1) Magic must follow rules, otherwise it's not magic, it's nonsense.

2) Magic must follow the rules of physics unless it has a good reason not to. Otherwise, there's no reason why fireballs should burn, why acid pools stick to the ground instead of floating off into space, and invisibility just gives everyone a headache. "A good reason not to" is pretty broad - a fireball can launch into existence and burn even non-flammable things because it's exciting, makes narrative sense, simplifies the rules, and is fun. However, I don't think "I am hungry and want a ham sandwich right now" is a good reason to bend the rules. Hence, no 'create food'.

3) By setting rules as to what magic can and can't do, it helps us as players and GMs create a more cohesive, adaptable world, and permits more unique and dangerous characters. If you take Shadowrun magic, as it appears in the book, and ask a GM, "is there magic on Mars?" he would answer yes or no - probably no. If you take my magic model and ask "is there magic on Mars?" the answer would be yes - but that it is wildly different, and offers the first suggestions as to why it is different. By establishing rules to magic, when a monster breaks the rules by apparently creating a sword, the players now know that this creature is special, and have a true mystery - how is it doing the impossible? Is it a level of magic we don't understand, or is it a different mechanism (we also don't understand)?
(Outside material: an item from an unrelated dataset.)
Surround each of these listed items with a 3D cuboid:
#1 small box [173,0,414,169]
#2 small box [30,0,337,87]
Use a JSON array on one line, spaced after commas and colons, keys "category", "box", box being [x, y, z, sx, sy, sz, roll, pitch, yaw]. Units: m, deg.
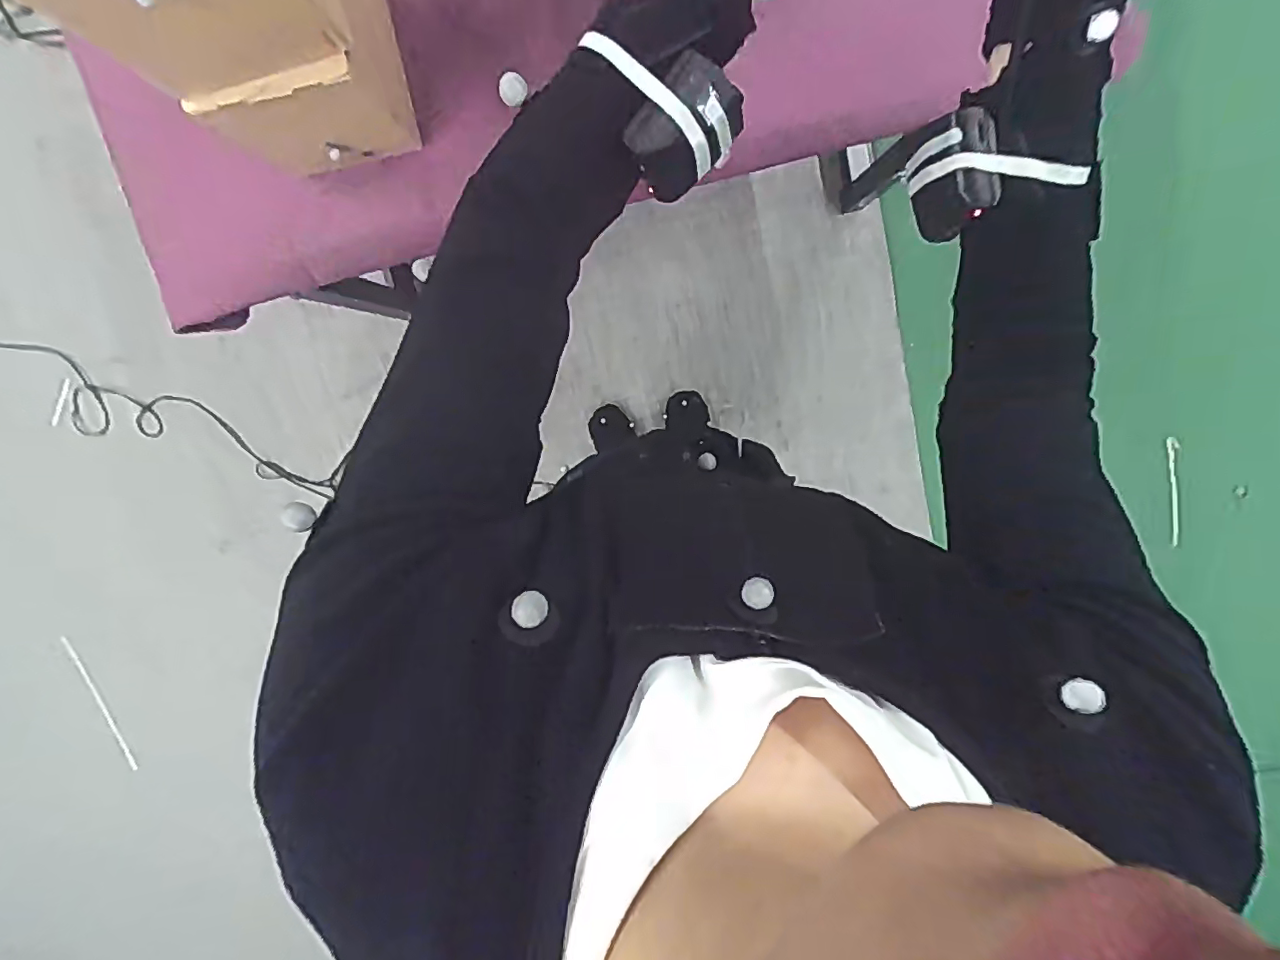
[{"category": "small box", "box": [-0.365, -0.462, 0.567, 0.168, 0.176, 0.179, -10, 102, 2]}, {"category": "small box", "box": [-0.362, -0.441, 0.405, 0.179, 0.176, 0.168, -14, 101, 3]}]

I can say from personal experience, I've played it both ways. I've run SR's magical system from 19th century England to Eclipse Phase and everything in between, and in my experience, clearly defining the expected behaviors and limitations of magic makes it more enjoyable for the players, easier to run for the GM, less likely to hit rules debates, and more adaptable, all without losing any mystery or excitement. You lose mystery by letting people call on said cosmic powers, guaranteed, with clearly defined results, within three-second timeframes, not by saying "you, and no one else on Earth, knows how to make magic make a ham sandwich".

QUOTE
it is by definition something that we don't understand.


Describing magic and how it behaves does not mean we understand it. I have no problem saying 'magic obeys the laws of conservation of mass and energy' and still having an argument over Kage about whether the source of magic is the human interference in natural fields, or the divine intervention of an external diety. You can say that magic doesn't turn black into white and cats into dogs, while still maintaining that it is something we really don't understand further.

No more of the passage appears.